D’autre part, lors du départ pour le Devonshire, Holmes demande à Watson de veiller sur l’héritier des Baskerville comme on le ferait pour un enfant, et en somme de jouer les « chaperons » avec cet homme, rôle que le docteur s’efforcera de tenir notamment lorsque sir Henry partira sur la lande, seul, afin de rejoindre Beryl Stapleton :

‘“Well, you know what my instructions are. I am sorry to intrude, but you heard how earnestly Holmes insisted that I should not leave you, and especially that you should not go alone upon the moor.” (p. 718)’
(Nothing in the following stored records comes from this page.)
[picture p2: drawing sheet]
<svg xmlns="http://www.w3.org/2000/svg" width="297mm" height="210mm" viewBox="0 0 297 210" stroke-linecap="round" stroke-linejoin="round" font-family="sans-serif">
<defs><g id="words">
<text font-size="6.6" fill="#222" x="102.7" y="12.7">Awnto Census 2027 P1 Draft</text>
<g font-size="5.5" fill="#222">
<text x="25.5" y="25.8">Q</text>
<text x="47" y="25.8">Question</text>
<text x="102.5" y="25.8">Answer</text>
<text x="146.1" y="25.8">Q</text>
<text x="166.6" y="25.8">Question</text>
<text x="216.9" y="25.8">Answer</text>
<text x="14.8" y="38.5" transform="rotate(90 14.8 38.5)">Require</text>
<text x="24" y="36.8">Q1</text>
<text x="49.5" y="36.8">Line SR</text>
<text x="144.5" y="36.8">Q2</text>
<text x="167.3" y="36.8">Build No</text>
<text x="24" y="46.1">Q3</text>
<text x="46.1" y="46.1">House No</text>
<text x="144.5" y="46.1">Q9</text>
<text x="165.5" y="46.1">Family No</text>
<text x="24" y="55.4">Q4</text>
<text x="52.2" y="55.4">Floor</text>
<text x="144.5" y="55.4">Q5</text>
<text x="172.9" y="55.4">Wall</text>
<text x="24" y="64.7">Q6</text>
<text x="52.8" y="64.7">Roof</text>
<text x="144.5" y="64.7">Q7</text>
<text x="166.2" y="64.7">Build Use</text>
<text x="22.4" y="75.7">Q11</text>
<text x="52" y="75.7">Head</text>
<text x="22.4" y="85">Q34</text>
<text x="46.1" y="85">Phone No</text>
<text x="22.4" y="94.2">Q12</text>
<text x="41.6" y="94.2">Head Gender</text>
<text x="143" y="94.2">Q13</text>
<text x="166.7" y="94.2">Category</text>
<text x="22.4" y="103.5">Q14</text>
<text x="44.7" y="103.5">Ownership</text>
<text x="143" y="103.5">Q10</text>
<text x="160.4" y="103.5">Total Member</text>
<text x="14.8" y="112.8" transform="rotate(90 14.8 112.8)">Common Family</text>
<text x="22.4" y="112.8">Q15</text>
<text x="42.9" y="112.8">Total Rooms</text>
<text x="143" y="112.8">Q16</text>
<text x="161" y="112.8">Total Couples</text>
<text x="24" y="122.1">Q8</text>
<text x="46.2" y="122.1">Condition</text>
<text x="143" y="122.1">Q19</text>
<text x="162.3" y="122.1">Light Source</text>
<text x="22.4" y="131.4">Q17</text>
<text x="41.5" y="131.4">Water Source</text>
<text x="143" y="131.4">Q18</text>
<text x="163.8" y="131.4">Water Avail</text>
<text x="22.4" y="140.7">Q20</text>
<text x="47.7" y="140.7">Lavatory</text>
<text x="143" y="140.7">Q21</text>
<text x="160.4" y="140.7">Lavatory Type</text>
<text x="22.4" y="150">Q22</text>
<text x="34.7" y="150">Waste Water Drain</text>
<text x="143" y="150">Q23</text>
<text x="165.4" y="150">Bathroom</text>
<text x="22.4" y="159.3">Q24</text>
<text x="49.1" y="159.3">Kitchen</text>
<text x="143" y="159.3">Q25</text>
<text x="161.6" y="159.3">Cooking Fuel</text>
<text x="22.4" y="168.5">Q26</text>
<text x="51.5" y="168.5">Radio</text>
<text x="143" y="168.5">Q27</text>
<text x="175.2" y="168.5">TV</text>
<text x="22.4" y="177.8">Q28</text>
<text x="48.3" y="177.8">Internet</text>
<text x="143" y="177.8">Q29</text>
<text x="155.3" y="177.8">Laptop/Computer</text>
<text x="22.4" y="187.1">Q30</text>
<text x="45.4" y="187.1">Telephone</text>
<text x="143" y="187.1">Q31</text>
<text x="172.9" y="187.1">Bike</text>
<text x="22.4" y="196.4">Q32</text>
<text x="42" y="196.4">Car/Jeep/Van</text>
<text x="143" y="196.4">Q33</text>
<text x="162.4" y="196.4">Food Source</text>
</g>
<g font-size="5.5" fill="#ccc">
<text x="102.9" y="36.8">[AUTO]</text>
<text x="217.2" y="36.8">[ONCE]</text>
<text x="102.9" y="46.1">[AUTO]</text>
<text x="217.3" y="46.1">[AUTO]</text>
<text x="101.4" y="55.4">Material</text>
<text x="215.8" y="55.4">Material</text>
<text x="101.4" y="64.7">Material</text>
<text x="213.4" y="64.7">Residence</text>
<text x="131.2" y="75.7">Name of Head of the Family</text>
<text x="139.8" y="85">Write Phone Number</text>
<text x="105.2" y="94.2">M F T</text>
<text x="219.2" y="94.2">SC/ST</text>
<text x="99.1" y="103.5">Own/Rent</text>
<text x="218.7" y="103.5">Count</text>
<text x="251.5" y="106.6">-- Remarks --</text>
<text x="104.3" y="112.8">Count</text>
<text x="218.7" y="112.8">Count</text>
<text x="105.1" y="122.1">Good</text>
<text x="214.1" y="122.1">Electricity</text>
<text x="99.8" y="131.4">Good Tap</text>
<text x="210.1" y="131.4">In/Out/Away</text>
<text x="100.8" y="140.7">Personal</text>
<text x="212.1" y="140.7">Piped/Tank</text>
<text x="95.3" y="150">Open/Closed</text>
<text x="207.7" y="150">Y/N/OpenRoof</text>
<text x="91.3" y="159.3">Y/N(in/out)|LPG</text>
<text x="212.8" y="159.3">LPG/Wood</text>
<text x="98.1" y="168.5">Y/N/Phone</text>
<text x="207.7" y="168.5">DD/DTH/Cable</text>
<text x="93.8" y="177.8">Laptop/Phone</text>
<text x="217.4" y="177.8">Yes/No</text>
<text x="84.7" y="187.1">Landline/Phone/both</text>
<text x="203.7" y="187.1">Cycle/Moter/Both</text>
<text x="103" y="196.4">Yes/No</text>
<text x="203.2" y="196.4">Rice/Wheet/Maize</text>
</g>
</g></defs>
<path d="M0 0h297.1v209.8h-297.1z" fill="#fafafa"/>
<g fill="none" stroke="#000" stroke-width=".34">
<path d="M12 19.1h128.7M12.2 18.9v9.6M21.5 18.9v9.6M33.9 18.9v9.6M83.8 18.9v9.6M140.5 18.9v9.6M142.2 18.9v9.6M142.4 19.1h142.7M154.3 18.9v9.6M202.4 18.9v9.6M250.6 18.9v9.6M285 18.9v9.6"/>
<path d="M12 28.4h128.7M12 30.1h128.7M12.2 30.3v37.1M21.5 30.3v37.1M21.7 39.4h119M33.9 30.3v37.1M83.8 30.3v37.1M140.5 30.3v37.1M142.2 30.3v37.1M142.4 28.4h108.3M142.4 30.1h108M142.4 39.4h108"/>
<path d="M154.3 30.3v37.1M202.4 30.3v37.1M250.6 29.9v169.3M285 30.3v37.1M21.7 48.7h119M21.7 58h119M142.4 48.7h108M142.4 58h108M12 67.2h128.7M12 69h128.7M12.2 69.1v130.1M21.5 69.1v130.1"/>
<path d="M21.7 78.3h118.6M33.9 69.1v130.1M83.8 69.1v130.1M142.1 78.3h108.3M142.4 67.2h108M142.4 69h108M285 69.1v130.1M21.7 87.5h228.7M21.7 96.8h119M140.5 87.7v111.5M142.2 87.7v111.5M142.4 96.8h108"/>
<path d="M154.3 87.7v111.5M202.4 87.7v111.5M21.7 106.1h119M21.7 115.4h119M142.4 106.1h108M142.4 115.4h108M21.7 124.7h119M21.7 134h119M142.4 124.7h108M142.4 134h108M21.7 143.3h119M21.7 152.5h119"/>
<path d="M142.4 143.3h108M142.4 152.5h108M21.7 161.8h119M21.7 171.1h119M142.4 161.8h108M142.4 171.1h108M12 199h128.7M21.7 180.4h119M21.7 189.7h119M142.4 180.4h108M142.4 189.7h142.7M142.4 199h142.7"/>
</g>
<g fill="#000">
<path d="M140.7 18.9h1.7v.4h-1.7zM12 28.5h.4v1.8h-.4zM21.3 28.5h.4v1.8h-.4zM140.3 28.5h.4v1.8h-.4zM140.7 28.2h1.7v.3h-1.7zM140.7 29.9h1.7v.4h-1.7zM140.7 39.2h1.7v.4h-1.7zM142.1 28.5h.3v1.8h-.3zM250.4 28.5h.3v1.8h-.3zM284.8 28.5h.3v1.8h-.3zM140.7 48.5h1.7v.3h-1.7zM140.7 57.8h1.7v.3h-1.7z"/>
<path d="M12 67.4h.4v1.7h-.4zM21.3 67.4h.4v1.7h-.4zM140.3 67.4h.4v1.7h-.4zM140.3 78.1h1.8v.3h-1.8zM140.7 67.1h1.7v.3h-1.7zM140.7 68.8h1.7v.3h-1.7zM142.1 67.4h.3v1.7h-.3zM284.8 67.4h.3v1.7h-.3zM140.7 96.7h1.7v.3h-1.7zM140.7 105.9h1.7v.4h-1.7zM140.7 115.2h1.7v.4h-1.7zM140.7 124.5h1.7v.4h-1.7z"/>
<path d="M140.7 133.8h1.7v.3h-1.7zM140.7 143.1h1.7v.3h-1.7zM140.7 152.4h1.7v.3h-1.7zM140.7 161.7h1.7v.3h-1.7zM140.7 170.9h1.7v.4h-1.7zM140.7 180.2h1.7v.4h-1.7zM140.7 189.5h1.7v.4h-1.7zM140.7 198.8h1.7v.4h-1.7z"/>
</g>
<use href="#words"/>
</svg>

Enfin, héritier des Baskerville, sir Henry se trouve symboliquement dans la position du fils, et non plus simplement d’un enfant, puisqu’il doit hériter, précisément, de la propriété de ses aïeux — c’est même cette qualité qui définit principalement son rôle sur le plan diégétique, dans l’intrigue criminelle à proprement parler. Ce fils a un caractère assez difficile, si l’on se réfère à ses réactions de colère devant des incidents mineurs comme le vol de l’une de ses bottes dans son hôtel londonien : semblable à un « enfant gâté », il supporte mal les contrariétés et parle en maître des lieux dans ce contexte, ce qui ne le rend pas, d’ailleurs, des plus sympathiques aux yeux de Holmes :

‘As we came round the top of the stairs we had run up against Sir Henry Baskerville himself. His face was flushed with anger, and he held an old and dusty boot in one of his hands. So furious was he that he was hardly articulate, and when he did speak it was in a much broader and more Western dialect than any which we had heard from him in the morning.
“Seems to me they are playing me for a sucker in this hotel,” he cried. “They’ll find they’ve started in to monkey with the wrong man unless they are careful. By thunder, if that chap can’t find my missing boot there will be trouble. I can take a joke with the best, Mr Holmes, but they’ve got a bit over the mark this time.” (p. 693)’

Enfin, il est également intéressant de noter la description de Selden par sa soeur, Mrs Barrymore, sous les traits d’un enfant gâté qui est devenu par la suite un sybarite : ‘« We humoured him too much when he was a lad, and gave him his own way in everything, until he came to think the world was made for his pleasure, and that he could do what he liked in it. »’ (p. 722-723).